Enhanced Sampling of Nucleic Acids' Structures Using Deep-Learning-Derived Biasing Forces.

The conformation spaces (CS) of macromolecules and their associated dynamics are of vital importance in the understanding of many biochemical functions as well as diseases and in the developments of drugs for curing or managing disease conditions. While the exploration of the CS is generally easier for molecules with fewer atoms (such as ligands and short peptides), achieving the same for larger molecules (such as nucleic acids and proteins) beyond a narrow local equilibrium is non-trivial and sometimes computationally prohibitive.
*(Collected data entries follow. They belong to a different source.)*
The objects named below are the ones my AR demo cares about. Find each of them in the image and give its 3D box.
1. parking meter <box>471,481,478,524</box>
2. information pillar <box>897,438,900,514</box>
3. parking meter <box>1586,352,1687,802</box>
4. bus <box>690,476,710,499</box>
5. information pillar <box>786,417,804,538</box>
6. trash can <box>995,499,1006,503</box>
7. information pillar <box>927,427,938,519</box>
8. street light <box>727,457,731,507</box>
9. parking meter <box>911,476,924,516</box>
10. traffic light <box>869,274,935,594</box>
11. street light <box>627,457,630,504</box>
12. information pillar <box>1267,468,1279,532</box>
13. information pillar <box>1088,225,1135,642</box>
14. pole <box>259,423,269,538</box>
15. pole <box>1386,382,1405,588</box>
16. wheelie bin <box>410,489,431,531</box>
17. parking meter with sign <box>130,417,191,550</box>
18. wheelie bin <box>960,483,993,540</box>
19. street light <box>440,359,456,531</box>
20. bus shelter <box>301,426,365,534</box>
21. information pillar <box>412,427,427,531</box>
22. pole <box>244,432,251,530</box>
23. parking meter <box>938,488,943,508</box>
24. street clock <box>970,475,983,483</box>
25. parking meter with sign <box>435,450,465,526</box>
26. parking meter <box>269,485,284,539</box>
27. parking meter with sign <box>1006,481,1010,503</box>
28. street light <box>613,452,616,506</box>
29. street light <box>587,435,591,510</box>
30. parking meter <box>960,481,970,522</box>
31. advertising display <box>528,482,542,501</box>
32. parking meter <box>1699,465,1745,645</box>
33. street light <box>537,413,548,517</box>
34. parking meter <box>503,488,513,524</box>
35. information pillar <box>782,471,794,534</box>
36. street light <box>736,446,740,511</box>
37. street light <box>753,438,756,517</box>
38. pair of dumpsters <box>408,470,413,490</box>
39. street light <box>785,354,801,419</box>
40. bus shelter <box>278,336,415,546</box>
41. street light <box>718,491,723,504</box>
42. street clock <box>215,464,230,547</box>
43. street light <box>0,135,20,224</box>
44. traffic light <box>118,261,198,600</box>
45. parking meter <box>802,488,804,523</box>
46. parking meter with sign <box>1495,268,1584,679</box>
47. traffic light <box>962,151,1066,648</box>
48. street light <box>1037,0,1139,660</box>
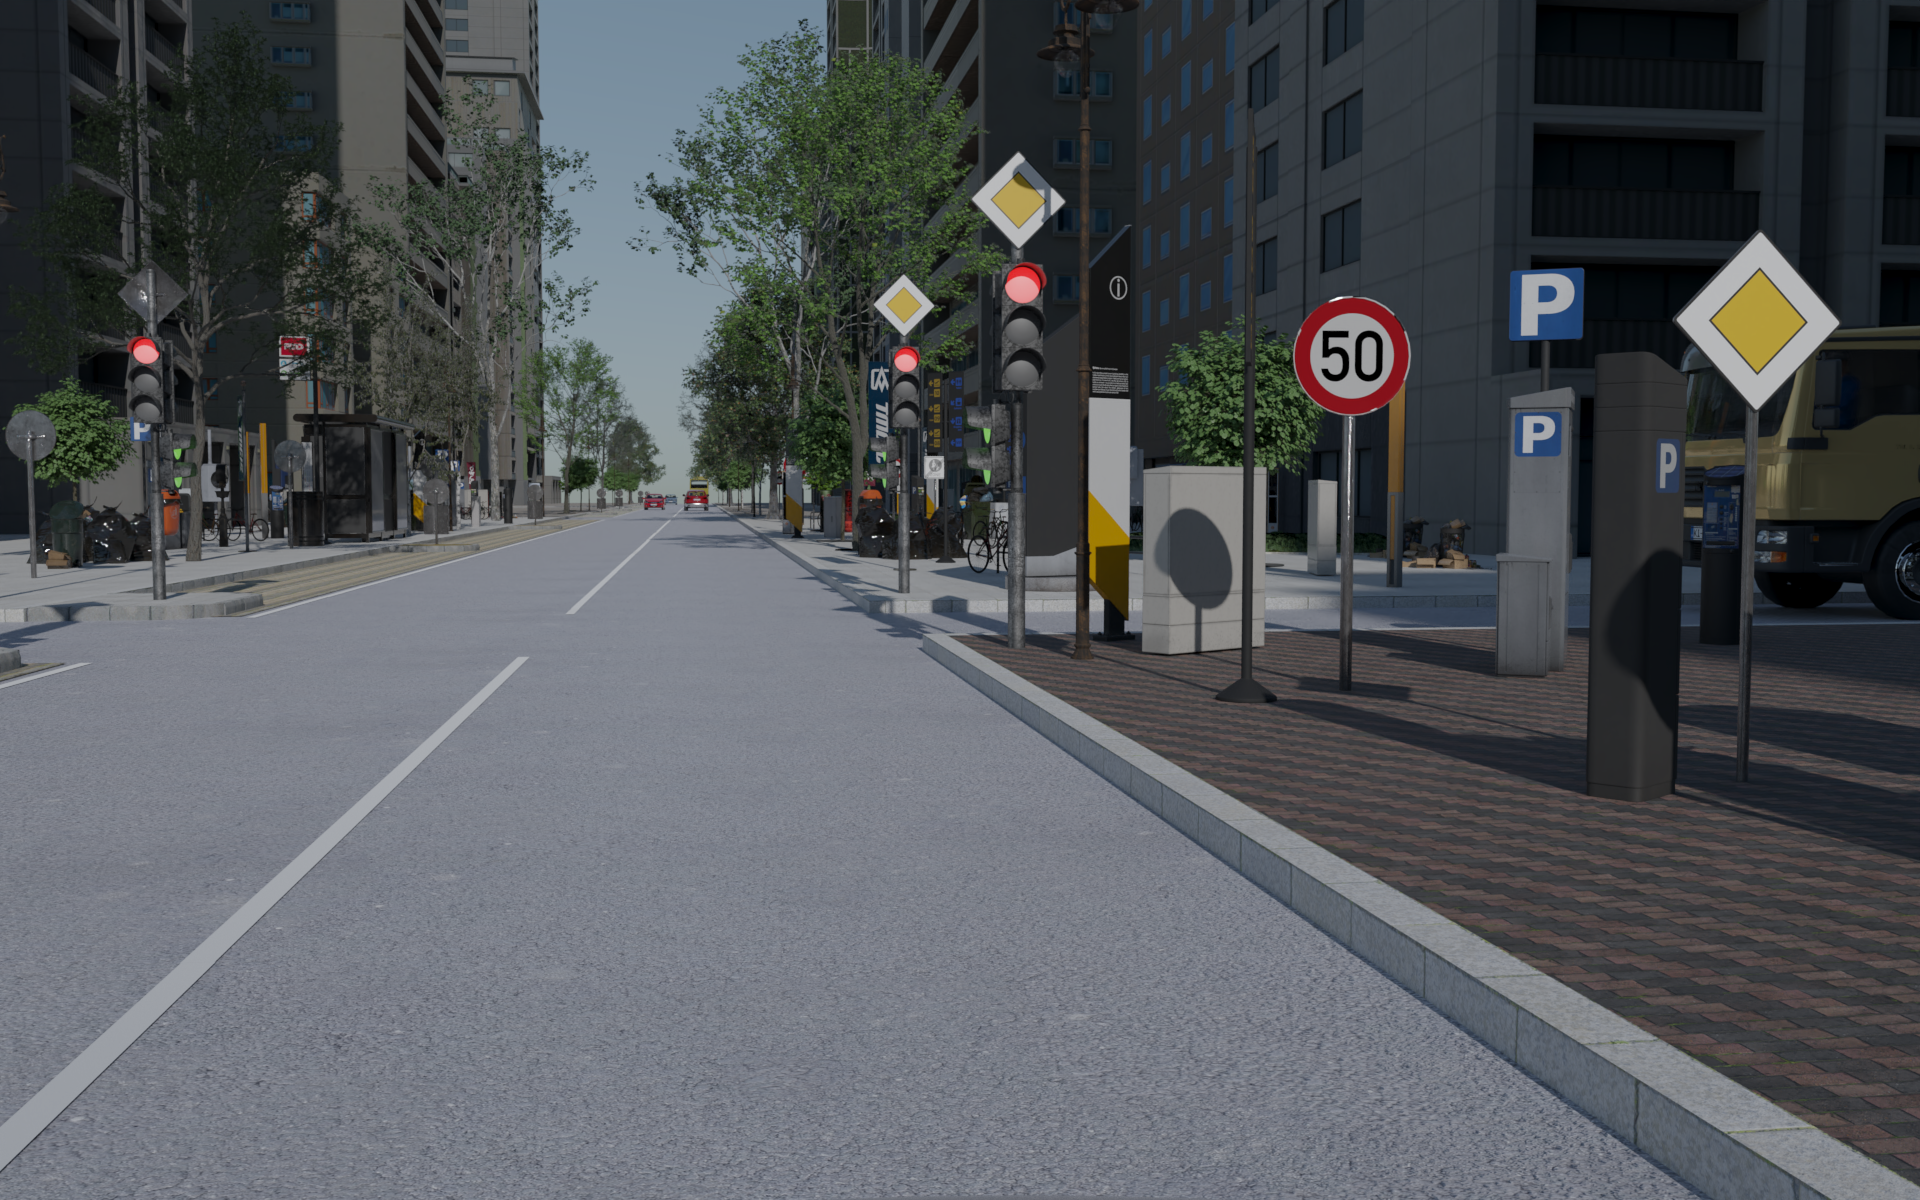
[{"bbox_3d":[-20.829,-4.198,74.346,0.255,1.863,0.399,0,4,-3],"label":"parking meter"},{"bbox_3d":[-2.164,-4.461,64.294,0.183,3.616,0.504,2,4,31],"label":"information pillar"},{"bbox_3d":[2.875,-0.101,7.357,0.399,1.863,0.255,-3,5,-44],"label":"parking meter"},{"bbox_3d":[-36.044,-15.177,239.688,2.896,3.916,12.252,0,4,-8],"label":"bus"},{"bbox_3d":[-4.818,-3.614,50.438,0.504,3.616,0.183,0,4,8],"label":"information pillar"},{"bbox_3d":[1.419,-2.527,52.970,0.748,1.137,0.748,0,3,0],"label":"trash can"},{"bbox_3d":[-0.802,-3.645,50.947,0.183,3.616,0.504,-3,4,-36],"label":"information pillar"},{"bbox_3d":[-22.822,-12.142,171.308,0.468,5.910,1.993,-1,4,-9],"label":"street light"},{"bbox_3d":[-1.327,-2.986,54.526,0.255,1.863,0.399,-2,4,-35],"label":"parking meter"},{"bbox_3d":[-0.741,-2.040,22.278,0.839,4.253,0.868,-1,4,-9],"label":"traffic light"},{"bbox_3d":[-41.526,-14.945,217.131,0.468,5.910,1.993,-1,4,-9],"label":"street light"},{"bbox_3d":[8.860,-2.722,48.992,0.304,2.012,0.304,1,4,13],"label":"information pillar"},{"bbox_3d":[1.290,-1.450,15.069,0.504,3.616,0.183,-3,4,-37],"label":"information pillar"},{"bbox_3d":[-20.104,-3.436,50.024,0.158,3.312,0.155,0,3,0],"label":"pole"},{"bbox_3d":[5.978,-1.829,23.739,0.158,3.312,0.155,0,3,0],"label":"pole"},{"bbox_3d":[-18.944,-3.227,60.666,0.980,1.594,0.693,3,5,42],"label":"wheelie bin"},{"bbox_3d":[-18.344,-2.671,39.937,0.543,3.016,1.738,0,4,5],"label":"parking meter with sign"},{"bbox_3d":[0.497,-2.493,48.675,0.980,1.594,0.693,-2,4,-29],"label":"wheelie bin"},{"bbox_3d":[-17.522,-5.301,59.454,0.468,5.910,1.993,-1,4,-9],"label":"street light"},{"bbox_3d":[-20.637,-4.107,58.439,1.731,3.624,6.357,-1,4,-9],"label":"bus shelter"},{"bbox_3d":[-18.553,-4.169,59.522,0.183,3.616,0.504,3,5,40],"label":"information pillar"},{"bbox_3d":[-23.379,-3.850,56.795,0.158,3.312,0.155,0,3,0],"label":"pole"},{"bbox_3d":[-0.890,-3.977,73.443,0.372,1.533,0.369,0,3,0],"label":"parking meter"},{"bbox_3d":[0.629,-3.739,65.703,0.471,2.002,0.358,0,4,-7],"label":"street clock"},{"bbox_3d":[-20.277,-4.432,68.729,0.543,3.016,1.738,0,4,-1],"label":"parking meter with sign"},{"bbox_3d":[-19.721,-2.544,50.005,0.372,1.533,0.369,0,3,0],"label":"parking meter"},{"bbox_3d":[2.190,-4.820,75.064,0.543,3.016,1.738,0,4,6],"label":"parking meter with sign"},{"bbox_3d":[-35.659,-12.598,178.758,0.468,5.910,1.993,-1,4,-9],"label":"street light"},{"bbox_3d":[-29.114,-9.973,135.853,0.468,5.910,1.993,-1,4,-9],"label":"street light"},{"bbox_3d":[0.232,-4.238,75.008,0.399,1.863,0.255,1,4,10],"label":"parking meter"},{"bbox_3d":[-23.302,-5.490,94.971,0.974,1.923,0.123,2,4,34],"label":"advertising display"},{"bbox_3d":[6.561,-0.394,14.850,0.372,1.533,0.369,0,3,0],"label":"parking meter"},{"bbox_3d":[-23.405,-7.608,97.185,0.468,5.910,1.993,-1,4,-9],"label":"street light"},{"bbox_3d":[-19.550,-4.068,74.921,0.372,1.533,0.369,0,3,0],"label":"parking meter"},{"bbox_3d":[-5.487,-3.112,55.368,0.304,2.012,0.304,1,4,19],"label":"information pillar"},{"bbox_3d":[-16.966,-9.774,132.596,0.468,5.910,1.993,-1,4,-9],"label":"street light"},{"bbox_3d":[-11.457,-7.555,96.307,0.468,5.910,1.993,-1,4,-9],"label":"street light"},{"bbox_3d":[-21.879,-3.938,66.880,1.574,2.255,4.437,-1,4,-8],"label":"pair of dumpsters"},{"bbox_3d":[-5.512,-5.161,57.174,0.468,5.910,1.993,-1,4,-9],"label":"street light"},{"bbox_3d":[-16.500,-4.218,46.591,2.179,5.291,8.768,-1,4,-8],"label":"bus shelter"},{"bbox_3d":[-35.339,-17.169,253.493,0.468,5.910,1.993,-1,4,-9],"label":"street light"},{"bbox_3d":[-17.843,-2.284,41.916,0.358,2.002,0.471,-1,4,-15],"label":"street clock"},{"bbox_3d":[-11.817,-2.942,20.889,0.468,5.910,1.993,-1,4,-9],"label":"street light"},{"bbox_3d":[-9.698,-1.957,20.911,0.839,4.253,0.868,-1,4,-9],"label":"traffic light"},{"bbox_3d":[-6.780,-3.962,73.192,0.372,1.533,0.369,0,3,0],"label":"parking meter"},{"bbox_3d":[4.251,-1.010,12.770,0.543,3.016,1.738,1,4,22],"label":"parking meter with sign"},{"bbox_3d":[0.454,-1.557,14.382,0.839,4.253,0.868,-1,4,-9],"label":"traffic light"},{"bbox_3d":[0.955,-2.479,13.321,0.468,5.910,1.993,-1,4,-9],"label":"street light"}]

In this work, we present Deep Enhanced Sampling of Nucleic Acids' Structures Using Deep-Learning-Derived Biasing Forces (DESNA, pronounced DES-na), that combines variational autoencoder, a special deep neural network (DNN), and molecular dynamics (MD) simulations to create a robust technique for enhanced sampling, in which DNN-learned latent space is used for inferring appropriate biasing potentials for guiding the MD simulations. The results obtained show that DESNA performs better than conventional MD simulations and efficiently samples wider CS than conventional MD simulations even when DESNA is allowed to run for as short as 10% of the length of conventional MD simulations. This suggests that DESNA is at least 10 times more efficient that conventional MD simulations in its sampling of CS of molecules.